* Assigned task
When you restate the entries that follow, keep every word exactly and drop the pictures.

* Records excerpted from a collection
------------------------

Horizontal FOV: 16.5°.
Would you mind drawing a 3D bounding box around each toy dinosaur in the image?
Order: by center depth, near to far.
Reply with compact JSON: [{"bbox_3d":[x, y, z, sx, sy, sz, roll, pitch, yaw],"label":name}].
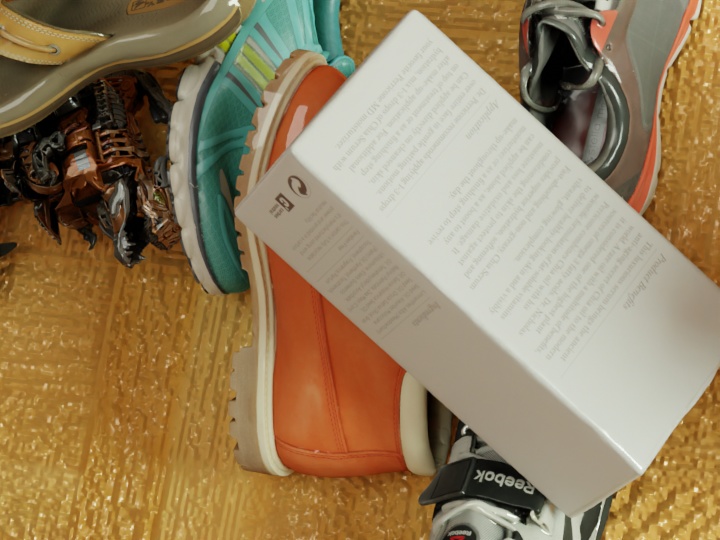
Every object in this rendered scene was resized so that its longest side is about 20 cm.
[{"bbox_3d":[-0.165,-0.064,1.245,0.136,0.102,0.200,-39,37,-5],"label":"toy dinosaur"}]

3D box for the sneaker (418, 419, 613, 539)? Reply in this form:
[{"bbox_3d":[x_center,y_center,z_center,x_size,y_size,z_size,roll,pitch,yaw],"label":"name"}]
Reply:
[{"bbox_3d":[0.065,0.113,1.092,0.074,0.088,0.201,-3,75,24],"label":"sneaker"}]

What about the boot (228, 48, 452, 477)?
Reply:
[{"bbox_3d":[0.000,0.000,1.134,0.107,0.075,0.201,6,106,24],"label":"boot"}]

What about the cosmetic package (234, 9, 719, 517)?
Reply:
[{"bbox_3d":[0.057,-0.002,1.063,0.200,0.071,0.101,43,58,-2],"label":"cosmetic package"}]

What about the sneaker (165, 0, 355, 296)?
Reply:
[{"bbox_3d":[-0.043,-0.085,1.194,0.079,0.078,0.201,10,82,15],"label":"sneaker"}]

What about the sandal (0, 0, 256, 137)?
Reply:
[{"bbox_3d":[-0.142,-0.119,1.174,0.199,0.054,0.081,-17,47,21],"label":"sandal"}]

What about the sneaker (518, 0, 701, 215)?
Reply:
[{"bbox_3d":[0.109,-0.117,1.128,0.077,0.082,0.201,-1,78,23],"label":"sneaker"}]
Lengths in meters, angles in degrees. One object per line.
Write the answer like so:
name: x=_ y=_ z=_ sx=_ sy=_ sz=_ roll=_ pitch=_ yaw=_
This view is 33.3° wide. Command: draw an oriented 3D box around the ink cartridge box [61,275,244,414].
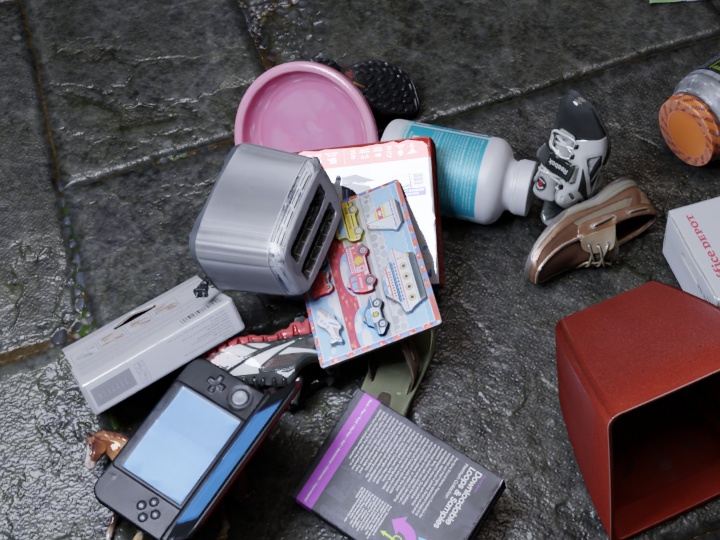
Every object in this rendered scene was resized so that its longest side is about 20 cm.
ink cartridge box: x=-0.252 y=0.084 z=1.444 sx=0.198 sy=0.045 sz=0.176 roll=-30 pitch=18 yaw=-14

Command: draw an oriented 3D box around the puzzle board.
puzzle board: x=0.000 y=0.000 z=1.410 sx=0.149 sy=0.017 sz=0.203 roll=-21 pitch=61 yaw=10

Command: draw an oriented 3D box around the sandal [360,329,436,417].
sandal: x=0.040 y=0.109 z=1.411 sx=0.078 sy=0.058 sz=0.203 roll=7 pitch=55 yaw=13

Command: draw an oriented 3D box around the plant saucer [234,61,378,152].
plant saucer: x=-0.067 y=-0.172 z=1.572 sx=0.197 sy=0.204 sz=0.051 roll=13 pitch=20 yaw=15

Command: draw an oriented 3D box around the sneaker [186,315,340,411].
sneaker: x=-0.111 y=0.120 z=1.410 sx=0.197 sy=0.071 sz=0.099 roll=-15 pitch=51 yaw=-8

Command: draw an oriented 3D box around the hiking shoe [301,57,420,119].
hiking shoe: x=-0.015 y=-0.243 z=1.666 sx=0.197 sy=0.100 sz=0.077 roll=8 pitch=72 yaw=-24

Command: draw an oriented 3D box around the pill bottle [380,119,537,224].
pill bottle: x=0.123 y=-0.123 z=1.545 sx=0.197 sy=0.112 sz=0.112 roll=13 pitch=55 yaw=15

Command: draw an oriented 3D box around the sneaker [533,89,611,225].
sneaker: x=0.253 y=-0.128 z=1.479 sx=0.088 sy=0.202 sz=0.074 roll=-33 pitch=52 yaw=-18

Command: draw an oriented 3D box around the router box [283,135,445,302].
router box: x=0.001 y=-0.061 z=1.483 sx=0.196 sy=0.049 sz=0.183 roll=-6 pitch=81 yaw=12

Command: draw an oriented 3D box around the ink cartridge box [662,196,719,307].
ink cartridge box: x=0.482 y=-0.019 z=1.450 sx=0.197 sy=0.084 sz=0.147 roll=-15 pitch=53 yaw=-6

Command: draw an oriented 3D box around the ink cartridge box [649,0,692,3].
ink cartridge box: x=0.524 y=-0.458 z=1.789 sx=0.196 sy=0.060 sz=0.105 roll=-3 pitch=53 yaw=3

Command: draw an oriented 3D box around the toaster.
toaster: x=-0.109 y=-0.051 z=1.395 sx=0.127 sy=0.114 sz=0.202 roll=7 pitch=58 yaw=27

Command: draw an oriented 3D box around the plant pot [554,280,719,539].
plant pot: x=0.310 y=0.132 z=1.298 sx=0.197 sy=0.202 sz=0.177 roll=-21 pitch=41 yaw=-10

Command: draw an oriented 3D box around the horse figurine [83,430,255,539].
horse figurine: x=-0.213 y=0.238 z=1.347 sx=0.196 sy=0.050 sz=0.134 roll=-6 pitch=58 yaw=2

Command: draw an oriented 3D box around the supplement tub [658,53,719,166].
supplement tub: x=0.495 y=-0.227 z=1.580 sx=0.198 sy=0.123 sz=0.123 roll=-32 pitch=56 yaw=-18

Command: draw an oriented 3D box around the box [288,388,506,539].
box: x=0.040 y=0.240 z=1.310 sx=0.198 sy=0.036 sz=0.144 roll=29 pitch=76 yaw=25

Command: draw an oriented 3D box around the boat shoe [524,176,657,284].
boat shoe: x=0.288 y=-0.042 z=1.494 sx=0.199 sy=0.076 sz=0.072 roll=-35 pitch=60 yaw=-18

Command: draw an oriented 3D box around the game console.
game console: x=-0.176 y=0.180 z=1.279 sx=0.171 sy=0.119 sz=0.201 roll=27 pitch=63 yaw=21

------------------------

* Solution below
Horizontal FOV: 16.5°.
Would you mind drawing a 3D bounding box around each toy dinosaur in the image?
Order: by center depth, near to far.
Reply with compact JSON: [{"bbox_3d":[x, y, z, sx, sy, sz, roll, pitch, yaw],"label":name}].
Every object in this rendered scene was resized so that its longest side is about 20 cm.
[{"bbox_3d":[-0.165,-0.064,1.245,0.136,0.102,0.200,-39,37,-5],"label":"toy dinosaur"}]

3D box for the sneaker (418, 419, 613, 539)? Reply in this form:
[{"bbox_3d":[x_center,y_center,z_center,x_size,y_size,z_size,roll,pitch,yaw],"label":"name"}]
Reply:
[{"bbox_3d":[0.065,0.113,1.092,0.074,0.088,0.201,-3,75,24],"label":"sneaker"}]

What about the boot (228, 48, 452, 477)?
Reply:
[{"bbox_3d":[0.000,0.000,1.134,0.107,0.075,0.201,6,106,24],"label":"boot"}]

What about the cosmetic package (234, 9, 719, 517)?
Reply:
[{"bbox_3d":[0.057,-0.002,1.063,0.200,0.071,0.101,43,58,-2],"label":"cosmetic package"}]

What about the sneaker (165, 0, 355, 296)?
Reply:
[{"bbox_3d":[-0.043,-0.085,1.194,0.079,0.078,0.201,10,82,15],"label":"sneaker"}]

What about the sandal (0, 0, 256, 137)?
Reply:
[{"bbox_3d":[-0.142,-0.119,1.174,0.199,0.054,0.081,-17,47,21],"label":"sandal"}]

What about the sneaker (518, 0, 701, 215)?
Reply:
[{"bbox_3d":[0.109,-0.117,1.128,0.077,0.082,0.201,-1,78,23],"label":"sneaker"}]
Lengths in meters, angles in degrees. One object per line.
Write the answer like so:
name: x=_ y=_ z=_ sx=_ sy=_ sz=_ roll=_ pitch=_ yaw=_
This view is 33.3° wide. Command: draw an oriented 3D box around the ink cartridge box [61,275,244,414].
Every object in this rendered scene was resized so that its longest side is about 20 cm.
ink cartridge box: x=-0.252 y=0.084 z=1.444 sx=0.198 sy=0.045 sz=0.176 roll=-30 pitch=18 yaw=-14

Command: draw an oriented 3D box around the puzzle board.
puzzle board: x=0.000 y=0.000 z=1.410 sx=0.149 sy=0.017 sz=0.203 roll=-21 pitch=61 yaw=10

Command: draw an oriented 3D box around the sandal [360,329,436,417].
sandal: x=0.040 y=0.109 z=1.411 sx=0.078 sy=0.058 sz=0.203 roll=7 pitch=55 yaw=13

Command: draw an oriented 3D box around the plant saucer [234,61,378,152].
plant saucer: x=-0.067 y=-0.172 z=1.572 sx=0.197 sy=0.204 sz=0.051 roll=13 pitch=20 yaw=15

Command: draw an oriented 3D box around the sneaker [186,315,340,411].
sneaker: x=-0.111 y=0.120 z=1.410 sx=0.197 sy=0.071 sz=0.099 roll=-15 pitch=51 yaw=-8

Command: draw an oriented 3D box around the hiking shoe [301,57,420,119].
hiking shoe: x=-0.015 y=-0.243 z=1.666 sx=0.197 sy=0.100 sz=0.077 roll=8 pitch=72 yaw=-24

Command: draw an oriented 3D box around the pill bottle [380,119,537,224].
pill bottle: x=0.123 y=-0.123 z=1.545 sx=0.197 sy=0.112 sz=0.112 roll=13 pitch=55 yaw=15

Command: draw an oriented 3D box around the sneaker [533,89,611,225].
sneaker: x=0.253 y=-0.128 z=1.479 sx=0.088 sy=0.202 sz=0.074 roll=-33 pitch=52 yaw=-18

Command: draw an oriented 3D box around the router box [283,135,445,302].
router box: x=0.001 y=-0.061 z=1.483 sx=0.196 sy=0.049 sz=0.183 roll=-6 pitch=81 yaw=12

Command: draw an oriented 3D box around the ink cartridge box [662,196,719,307].
ink cartridge box: x=0.482 y=-0.019 z=1.450 sx=0.197 sy=0.084 sz=0.147 roll=-15 pitch=53 yaw=-6

Command: draw an oriented 3D box around the ink cartridge box [649,0,692,3].
ink cartridge box: x=0.524 y=-0.458 z=1.789 sx=0.196 sy=0.060 sz=0.105 roll=-3 pitch=53 yaw=3

Command: draw an oriented 3D box around the toaster.
toaster: x=-0.109 y=-0.051 z=1.395 sx=0.127 sy=0.114 sz=0.202 roll=7 pitch=58 yaw=27

Command: draw an oriented 3D box around the plant pot [554,280,719,539].
plant pot: x=0.310 y=0.132 z=1.298 sx=0.197 sy=0.202 sz=0.177 roll=-21 pitch=41 yaw=-10

Command: draw an oriented 3D box around the horse figurine [83,430,255,539].
horse figurine: x=-0.213 y=0.238 z=1.347 sx=0.196 sy=0.050 sz=0.134 roll=-6 pitch=58 yaw=2

Command: draw an oriented 3D box around the supplement tub [658,53,719,166].
supplement tub: x=0.495 y=-0.227 z=1.580 sx=0.198 sy=0.123 sz=0.123 roll=-32 pitch=56 yaw=-18

Command: draw an oriented 3D box around the box [288,388,506,539].
box: x=0.040 y=0.240 z=1.310 sx=0.198 sy=0.036 sz=0.144 roll=29 pitch=76 yaw=25

Command: draw an oriented 3D box around the boat shoe [524,176,657,284].
boat shoe: x=0.288 y=-0.042 z=1.494 sx=0.199 sy=0.076 sz=0.072 roll=-35 pitch=60 yaw=-18

Command: draw an oriented 3D box around the game console.
game console: x=-0.176 y=0.180 z=1.279 sx=0.171 sy=0.119 sz=0.201 roll=27 pitch=63 yaw=21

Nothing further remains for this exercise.